Work instruction - Would you repeat the entries below exactly and omit the pictures?
=== Begin Enclosure ===
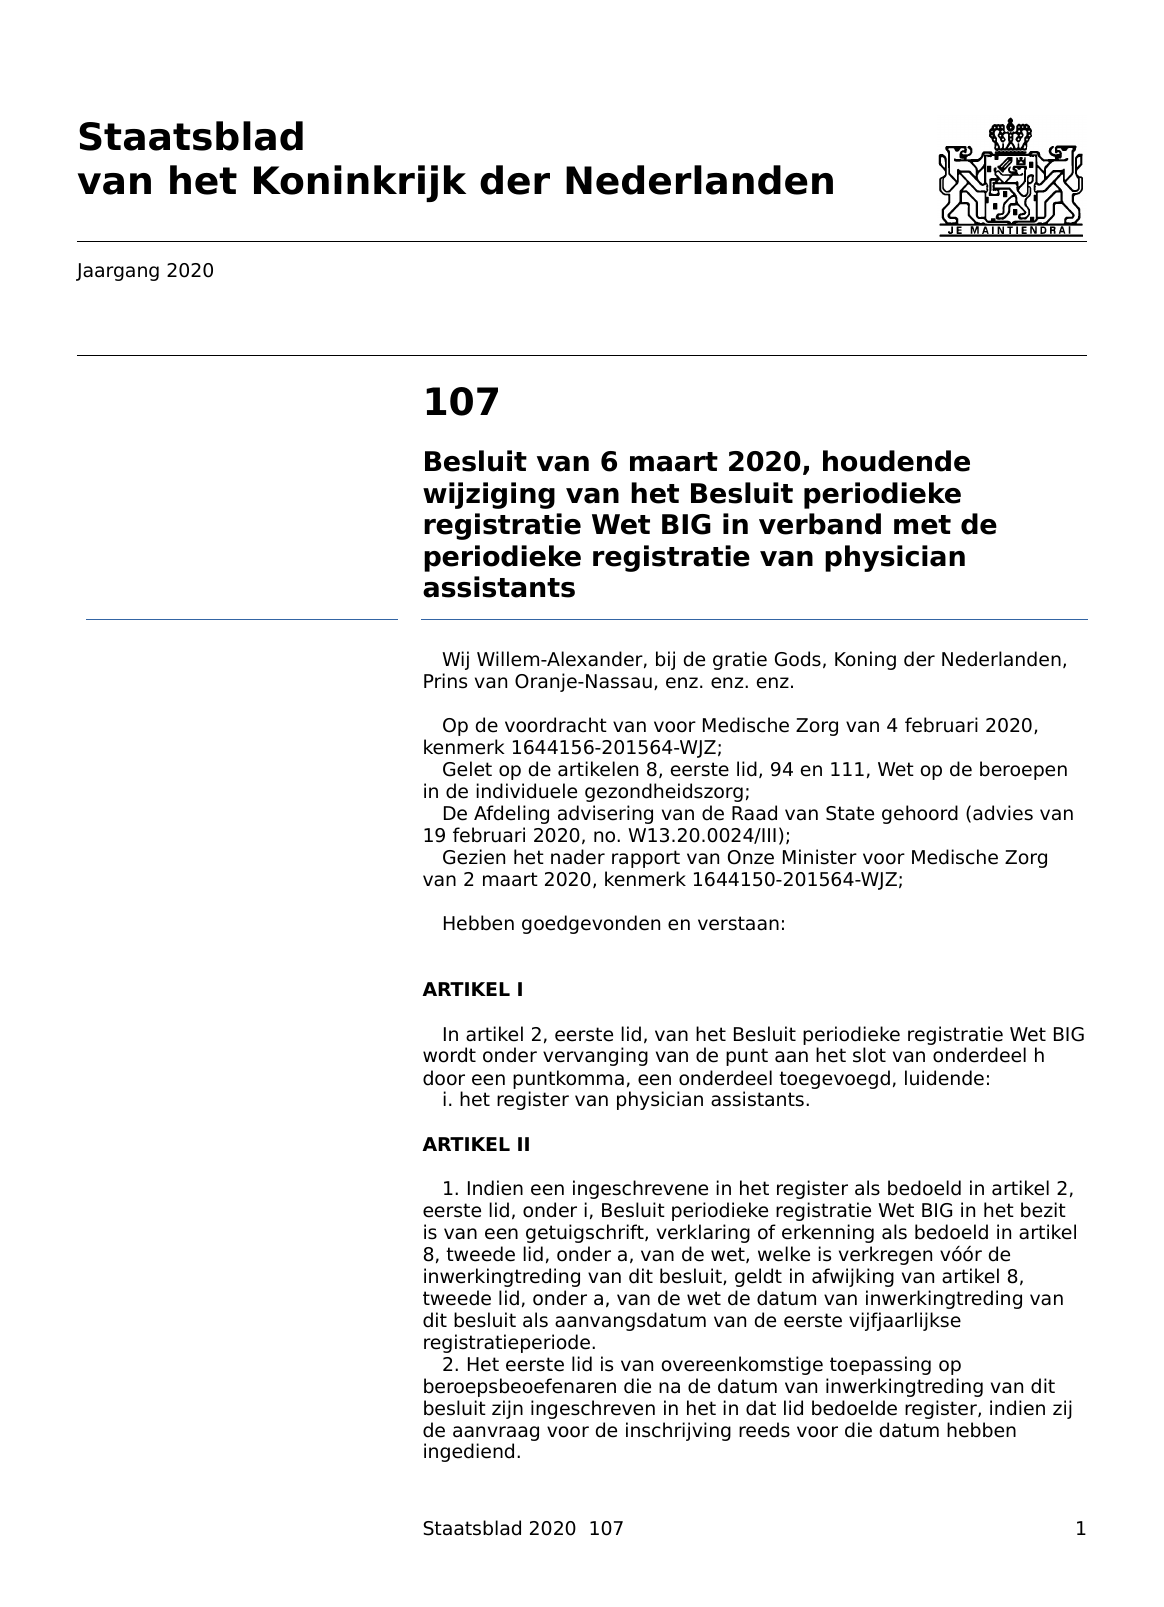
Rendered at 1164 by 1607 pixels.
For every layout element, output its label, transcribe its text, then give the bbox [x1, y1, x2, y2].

text Hebben goedgevonden en verstaan: [422, 913, 1087, 935]
text 2. Het eerste lid is van overeenkomstige toepassing op beroepsbeoefenaren die na de datum van inwerkingtreding van dit besluit zijn ingeschreven in het in dat lid bedoelde register, indien zij de aanvraag voor de inschrijving reeds voor die datum hebben ingediend. [422, 1353, 1087, 1463]
text 1. Indien een ingeschrevene in het register als bedoeld in artikel 2, eerste lid, onder i, Besluit periodieke registratie Wet BIG in het bezit is van een getuigschrift, verklaring of erkenning als bedoeld in artikel 8, tweede lid, onder a, van de wet, welke is verkregen vóór de inwerkingtreding van dit besluit, geldt in afwijking van artikel 8, tweede lid, onder a, van de wet de datum van inwerkingtreding van dit besluit als aanvangsdatum van de eerste vijfjaarlijkse registratieperiode. [422, 1178, 1087, 1353]
text Besluit van 6 maart 2020, houdende wijziging van het Besluit periodieke registratie Wet BIG in verband met de periodieke registratie van physician assistants [422, 447, 1087, 604]
subtitle 107 [422, 381, 1087, 424]
text Gezien het nader rapport van Onze Minister voor Medische Zorg van 2 maart 2020, kenmerk 1644150-201564-WJZ; [422, 847, 1087, 891]
subtitle ARTIKEL I [422, 979, 1087, 1001]
table_header [886, 100, 1087, 241]
table_cell Jaargang 2020 [77, 242, 1087, 355]
text Gelet op de artikelen 8, eerste lid, 94 en 111, Wet op de beroepen in de individuele gezondheidszorg; [422, 759, 1087, 803]
text De Afdeling advisering van de Raad van State gehoord (advies van 19 februari 2020, no. W13.20.0024/III); [422, 803, 1087, 847]
text Wij Willem-Alexander, bij de gratie Gods, Koning der Nederlanden, Prins van Oranje-Nassau, enz. enz. enz. [422, 649, 1087, 693]
table_header Staatsblad van het Koninkrijk der Nederlanden [77, 100, 886, 241]
picture [936, 115, 1087, 240]
subtitle ARTIKEL II [422, 1133, 1087, 1156]
text Op de voordracht van voor Medische Zorg van 4 februari 2020, kenmerk 1644156-201564-WJZ; [422, 715, 1087, 759]
text i. het register van physician assistants. [422, 1089, 1087, 1111]
text In artikel 2, eerste lid, van het Besluit periodieke registratie Wet BIG wordt onder vervanging van de punt aan het slot van onderdeel h door een puntkomma, een onderdeel toegevoegd, luidende: [422, 1023, 1087, 1089]
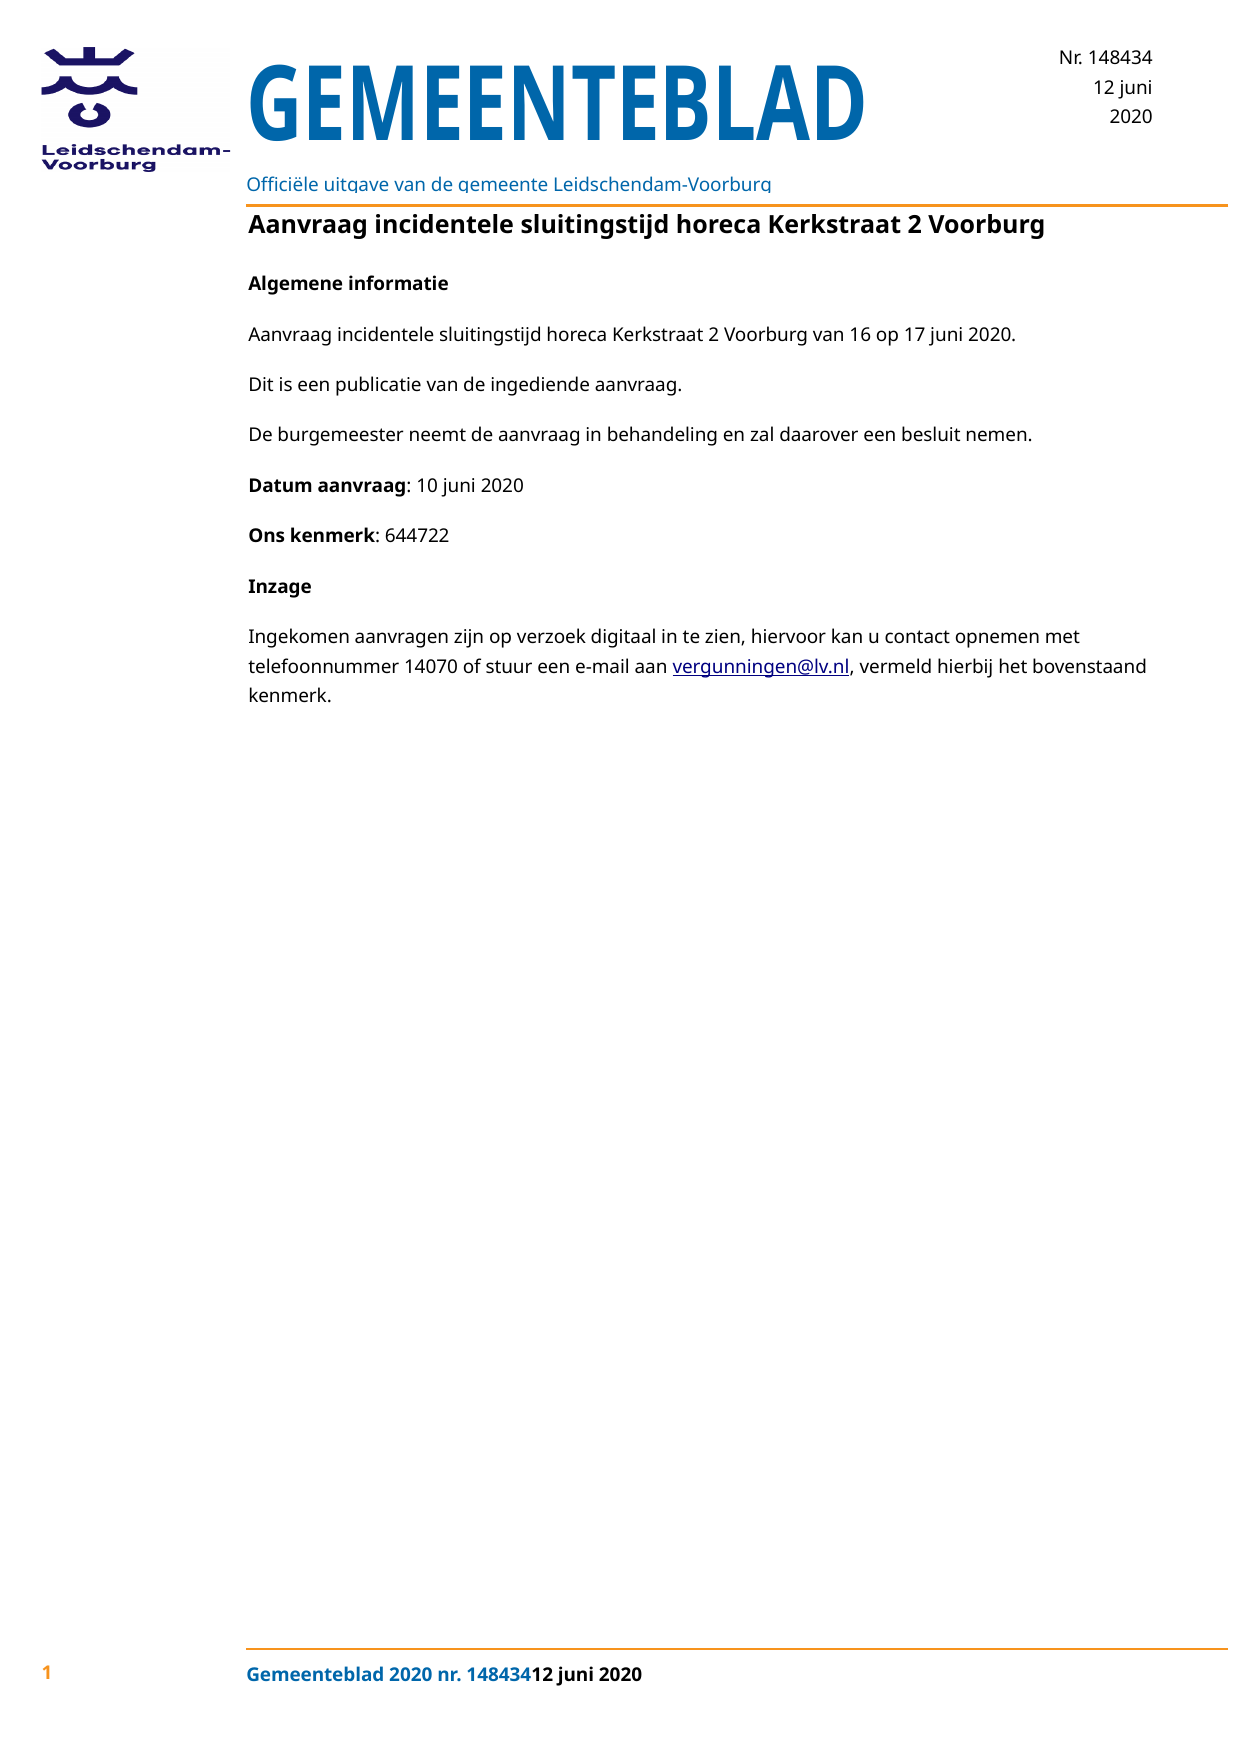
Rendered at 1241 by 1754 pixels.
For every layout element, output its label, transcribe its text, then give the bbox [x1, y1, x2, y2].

text Datum aanvraag: 10 juni 2020 [248, 472, 1152, 498]
text Aanvraag incidentele sluitingstijd horeca Kerkstraat 2 Voorburg van 16 op 17 juni 2020. [248, 321, 1152, 346]
text De burgemeester neemt de aanvraag in behandeling en zal daarover een besluit nemen. [248, 422, 1152, 447]
text Inzage [248, 573, 1152, 598]
text Ons kenmerk: 644722 [248, 522, 1152, 548]
text Ingekomen aanvragen zijn op verzoek digitaal in te zien, hiervoor kan u contact opnemen met telefoonnummer 14070 of stuur een e-mail aan vergunningen@lv.nl, vermeld hierbij het bovenstaand kenmerk. [248, 623, 1152, 708]
text Aanvraag incidentele sluitingstijd horeca Kerkstraat 2 Voorburg [248, 207, 1152, 241]
picture [41, 47, 231, 172]
text Algemene informatie [248, 270, 1152, 296]
text Dit is een publicatie van de ingediende aanvraag. [248, 371, 1152, 397]
=== End Enclosure ===
Task solution -
Rendered at 1164 by 1607 pixels.
For every layout element, output its label, transcribe its text, then give the bbox [x1, y1, x2, y2].

text Hebben goedgevonden en verstaan: [422, 913, 1087, 935]
text 2. Het eerste lid is van overeenkomstige toepassing op beroepsbeoefenaren die na de datum van inwerkingtreding van dit besluit zijn ingeschreven in het in dat lid bedoelde register, indien zij de aanvraag voor de inschrijving reeds voor die datum hebben ingediend. [422, 1353, 1087, 1463]
text 1. Indien een ingeschrevene in het register als bedoeld in artikel 2, eerste lid, onder i, Besluit periodieke registratie Wet BIG in het bezit is van een getuigschrift, verklaring of erkenning als bedoeld in artikel 8, tweede lid, onder a, van de wet, welke is verkregen vóór de inwerkingtreding van dit besluit, geldt in afwijking van artikel 8, tweede lid, onder a, van de wet de datum van inwerkingtreding van dit besluit als aanvangsdatum van de eerste vijfjaarlijkse registratieperiode. [422, 1178, 1087, 1353]
text Besluit van 6 maart 2020, houdende wijziging van het Besluit periodieke registratie Wet BIG in verband met de periodieke registratie van physician assistants [422, 447, 1087, 604]
subtitle 107 [422, 381, 1087, 424]
text Gezien het nader rapport van Onze Minister voor Medische Zorg van 2 maart 2020, kenmerk 1644150-201564-WJZ; [422, 847, 1087, 891]
subtitle ARTIKEL I [422, 979, 1087, 1001]
table_header [886, 100, 1087, 241]
table_cell Jaargang 2020 [77, 242, 1087, 355]
text Gelet op de artikelen 8, eerste lid, 94 en 111, Wet op de beroepen in de individuele gezondheidszorg; [422, 759, 1087, 803]
text De Afdeling advisering van de Raad van State gehoord (advies van 19 februari 2020, no. W13.20.0024/III); [422, 803, 1087, 847]
text Wij Willem-Alexander, bij de gratie Gods, Koning der Nederlanden, Prins van Oranje-Nassau, enz. enz. enz. [422, 649, 1087, 693]
table_header Staatsblad van het Koninkrijk der Nederlanden [77, 100, 886, 241]
picture [936, 115, 1087, 240]
subtitle ARTIKEL II [422, 1133, 1087, 1156]
text Op de voordracht van voor Medische Zorg van 4 februari 2020, kenmerk 1644156-201564-WJZ; [422, 715, 1087, 759]
text i. het register van physician assistants. [422, 1089, 1087, 1111]
text In artikel 2, eerste lid, van het Besluit periodieke registratie Wet BIG wordt onder vervanging van de punt aan het slot van onderdeel h door een puntkomma, een onderdeel toegevoegd, luidende: [422, 1023, 1087, 1089]
Rendered at 1241 by 1754 pixels.
For every layout element, output its label, transcribe its text, then give the bbox [x1, y1, x2, y2].

text Datum aanvraag: 10 juni 2020 [248, 472, 1152, 498]
text Aanvraag incidentele sluitingstijd horeca Kerkstraat 2 Voorburg van 16 op 17 juni 2020. [248, 321, 1152, 346]
text De burgemeester neemt de aanvraag in behandeling en zal daarover een besluit nemen. [248, 422, 1152, 447]
text Inzage [248, 573, 1152, 598]
text Ons kenmerk: 644722 [248, 522, 1152, 548]
text Ingekomen aanvragen zijn op verzoek digitaal in te zien, hiervoor kan u contact opnemen met telefoonnummer 14070 of stuur een e-mail aan vergunningen@lv.nl, vermeld hierbij het bovenstaand kenmerk. [248, 623, 1152, 708]
text Aanvraag incidentele sluitingstijd horeca Kerkstraat 2 Voorburg [248, 207, 1152, 241]
picture [41, 47, 231, 172]
text Algemene informatie [248, 270, 1152, 296]
text Dit is een publicatie van de ingediende aanvraag. [248, 371, 1152, 397]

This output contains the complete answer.